Data extracted from a collection:

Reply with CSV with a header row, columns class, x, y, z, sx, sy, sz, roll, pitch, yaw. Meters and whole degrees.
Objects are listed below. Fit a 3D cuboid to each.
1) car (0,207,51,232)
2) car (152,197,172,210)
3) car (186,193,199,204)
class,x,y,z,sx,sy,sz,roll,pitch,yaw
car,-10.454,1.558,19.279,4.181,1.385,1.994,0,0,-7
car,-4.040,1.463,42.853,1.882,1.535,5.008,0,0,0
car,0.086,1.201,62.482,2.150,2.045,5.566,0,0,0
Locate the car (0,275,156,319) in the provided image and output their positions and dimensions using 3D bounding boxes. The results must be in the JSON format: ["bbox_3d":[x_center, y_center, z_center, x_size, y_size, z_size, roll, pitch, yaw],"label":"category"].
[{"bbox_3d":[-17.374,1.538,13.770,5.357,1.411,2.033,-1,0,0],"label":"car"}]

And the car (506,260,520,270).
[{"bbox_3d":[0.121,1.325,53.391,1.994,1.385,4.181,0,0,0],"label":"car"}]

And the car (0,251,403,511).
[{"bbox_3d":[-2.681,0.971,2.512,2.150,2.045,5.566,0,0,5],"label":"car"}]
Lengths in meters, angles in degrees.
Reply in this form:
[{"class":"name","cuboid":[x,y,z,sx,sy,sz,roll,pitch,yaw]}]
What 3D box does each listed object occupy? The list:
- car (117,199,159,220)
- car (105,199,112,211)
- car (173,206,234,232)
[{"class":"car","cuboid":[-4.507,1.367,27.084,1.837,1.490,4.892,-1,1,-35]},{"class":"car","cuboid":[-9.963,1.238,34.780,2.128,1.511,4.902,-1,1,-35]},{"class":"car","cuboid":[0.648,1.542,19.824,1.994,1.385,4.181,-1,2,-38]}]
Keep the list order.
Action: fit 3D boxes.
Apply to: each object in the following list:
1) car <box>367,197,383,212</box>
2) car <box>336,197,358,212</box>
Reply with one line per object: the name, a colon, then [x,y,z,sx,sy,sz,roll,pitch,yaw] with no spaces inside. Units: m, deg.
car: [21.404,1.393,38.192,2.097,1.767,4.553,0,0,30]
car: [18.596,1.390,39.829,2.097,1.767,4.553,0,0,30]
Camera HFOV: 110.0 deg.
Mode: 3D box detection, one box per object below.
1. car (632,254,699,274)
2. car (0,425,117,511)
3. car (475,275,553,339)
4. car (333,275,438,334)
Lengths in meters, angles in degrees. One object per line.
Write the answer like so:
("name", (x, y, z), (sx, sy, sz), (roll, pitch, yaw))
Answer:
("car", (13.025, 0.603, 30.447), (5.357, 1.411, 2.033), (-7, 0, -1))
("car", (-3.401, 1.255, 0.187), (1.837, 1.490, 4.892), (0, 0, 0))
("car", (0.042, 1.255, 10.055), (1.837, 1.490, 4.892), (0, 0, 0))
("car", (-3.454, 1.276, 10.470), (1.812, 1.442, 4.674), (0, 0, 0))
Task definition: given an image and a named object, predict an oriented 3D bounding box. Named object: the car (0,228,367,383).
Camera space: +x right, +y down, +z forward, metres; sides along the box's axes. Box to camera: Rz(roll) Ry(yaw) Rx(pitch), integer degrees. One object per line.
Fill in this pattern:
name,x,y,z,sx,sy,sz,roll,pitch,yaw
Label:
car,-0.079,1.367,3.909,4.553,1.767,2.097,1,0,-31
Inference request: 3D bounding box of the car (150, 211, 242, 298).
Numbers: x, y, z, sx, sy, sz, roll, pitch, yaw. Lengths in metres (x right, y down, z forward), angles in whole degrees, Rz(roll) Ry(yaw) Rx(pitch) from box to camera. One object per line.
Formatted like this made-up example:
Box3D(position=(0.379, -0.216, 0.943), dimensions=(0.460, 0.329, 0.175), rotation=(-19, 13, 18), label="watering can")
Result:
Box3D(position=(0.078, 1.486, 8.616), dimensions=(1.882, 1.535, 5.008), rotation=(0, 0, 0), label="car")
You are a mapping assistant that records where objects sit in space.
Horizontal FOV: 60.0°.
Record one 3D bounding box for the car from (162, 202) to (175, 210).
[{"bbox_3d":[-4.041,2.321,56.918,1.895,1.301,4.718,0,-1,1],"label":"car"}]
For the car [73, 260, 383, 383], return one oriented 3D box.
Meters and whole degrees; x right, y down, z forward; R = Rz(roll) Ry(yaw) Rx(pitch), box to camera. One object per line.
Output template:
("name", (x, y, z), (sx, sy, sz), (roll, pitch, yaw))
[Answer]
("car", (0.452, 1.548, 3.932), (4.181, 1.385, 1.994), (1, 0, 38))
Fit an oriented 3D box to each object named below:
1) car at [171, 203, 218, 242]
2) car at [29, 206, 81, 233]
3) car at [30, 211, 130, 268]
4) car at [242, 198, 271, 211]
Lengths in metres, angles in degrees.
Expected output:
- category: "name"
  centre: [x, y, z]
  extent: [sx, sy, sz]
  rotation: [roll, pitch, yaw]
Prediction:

## What needs to be done
Word for word, restate all of the entries.

## Exercise response
Reply with CSV with a header row, columns class, x, y, z, sx, sy, sz, roll, pitch, yaw. Meters and whole degrees.
Objects are listed below. Fit a 3D cuboid to each.
1) car (0,207,51,232)
2) car (152,197,172,210)
3) car (186,193,199,204)
class,x,y,z,sx,sy,sz,roll,pitch,yaw
car,-10.454,1.558,19.279,4.181,1.385,1.994,0,0,-7
car,-4.040,1.463,42.853,1.882,1.535,5.008,0,0,0
car,0.086,1.201,62.482,2.150,2.045,5.566,0,0,0
Locate the car (0,275,156,319) in the provided image and output their positions and dimensions using 3D bounding boxes. The results must be in the JSON format: ["bbox_3d":[x_center, y_center, z_center, x_size, y_size, z_size, roll, pitch, yaw],"label":"category"].
[{"bbox_3d":[-17.374,1.538,13.770,5.357,1.411,2.033,-1,0,0],"label":"car"}]

And the car (506,260,520,270).
[{"bbox_3d":[0.121,1.325,53.391,1.994,1.385,4.181,0,0,0],"label":"car"}]

And the car (0,251,403,511).
[{"bbox_3d":[-2.681,0.971,2.512,2.150,2.045,5.566,0,0,5],"label":"car"}]
Lengths in meters, angles in degrees.
Reply in this form:
[{"class":"name","cuboid":[x,y,z,sx,sy,sz,roll,pitch,yaw]}]
What 3D box does each listed object occupy? The list:
- car (117,199,159,220)
- car (105,199,112,211)
- car (173,206,234,232)
[{"class":"car","cuboid":[-4.507,1.367,27.084,1.837,1.490,4.892,-1,1,-35]},{"class":"car","cuboid":[-9.963,1.238,34.780,2.128,1.511,4.902,-1,1,-35]},{"class":"car","cuboid":[0.648,1.542,19.824,1.994,1.385,4.181,-1,2,-38]}]
Keep the list order.
Action: fit 3D boxes.
Apply to: each object in the following list:
1) car <box>367,197,383,212</box>
2) car <box>336,197,358,212</box>
Reply with one line per object: the name, a colon, then [x,y,z,sx,sy,sz,roll,pitch,yaw] with no spaces inside. Units: m, deg.
car: [21.404,1.393,38.192,2.097,1.767,4.553,0,0,30]
car: [18.596,1.390,39.829,2.097,1.767,4.553,0,0,30]
Camera HFOV: 110.0 deg.
Mode: 3D box detection, one box per object below.
1. car (632,254,699,274)
2. car (0,425,117,511)
3. car (475,275,553,339)
4. car (333,275,438,334)
Lengths in meters, angles in degrees. One object per line.
Write the answer like so:
("name", (x, y, z), (sx, sy, sz), (roll, pitch, yaw))
Answer:
("car", (13.025, 0.603, 30.447), (5.357, 1.411, 2.033), (-7, 0, -1))
("car", (-3.401, 1.255, 0.187), (1.837, 1.490, 4.892), (0, 0, 0))
("car", (0.042, 1.255, 10.055), (1.837, 1.490, 4.892), (0, 0, 0))
("car", (-3.454, 1.276, 10.470), (1.812, 1.442, 4.674), (0, 0, 0))
Task definition: given an image and a named object, predict an oriented 3D bounding box. Named object: the car (0,228,367,383).
Camera space: +x right, +y down, +z forward, metres; sides along the box's axes. Box to camera: Rz(roll) Ry(yaw) Rx(pitch), integer degrees. One object per line.
Fill in this pattern:
name,x,y,z,sx,sy,sz,roll,pitch,yaw
Label:
car,-0.079,1.367,3.909,4.553,1.767,2.097,1,0,-31
Inference request: 3D bounding box of the car (150, 211, 242, 298).
Numbers: x, y, z, sx, sy, sz, roll, pitch, yaw. Lengths in metres (x right, y down, z forward), angles in whole degrees, Rz(roll) Ry(yaw) Rx(pitch) from box to camera. One object per line.
Formatted like this made-up example:
Box3D(position=(0.379, -0.216, 0.943), dimensions=(0.460, 0.329, 0.175), rotation=(-19, 13, 18), label="watering can")
Result:
Box3D(position=(0.078, 1.486, 8.616), dimensions=(1.882, 1.535, 5.008), rotation=(0, 0, 0), label="car")
You are a mapping assistant that records where objects sit in space.
Horizontal FOV: 60.0°.
Record one 3D bounding box for the car from (162, 202) to (175, 210).
[{"bbox_3d":[-4.041,2.321,56.918,1.895,1.301,4.718,0,-1,1],"label":"car"}]
For the car [73, 260, 383, 383], return one oriented 3D box.
Meters and whole degrees; x right, y down, z forward; R = Rz(roll) Ry(yaw) Rx(pitch), box to camera. One object per line.
Output template:
("name", (x, y, z), (sx, sy, sz), (roll, pitch, yaw))
[Answer]
("car", (0.452, 1.548, 3.932), (4.181, 1.385, 1.994), (1, 0, 38))
Fit an oriented 3D box to each object named below:
1) car at [171, 203, 218, 242]
2) car at [29, 206, 81, 233]
3) car at [30, 211, 130, 268]
4) car at [242, 198, 271, 211]
Lengths in metres, angles in degrees.
Expected output:
- category: "name"
  centre: [x, y, z]
  extent: [sx, sy, sz]
  rotation: [roll, pitch, yaw]
Prediction:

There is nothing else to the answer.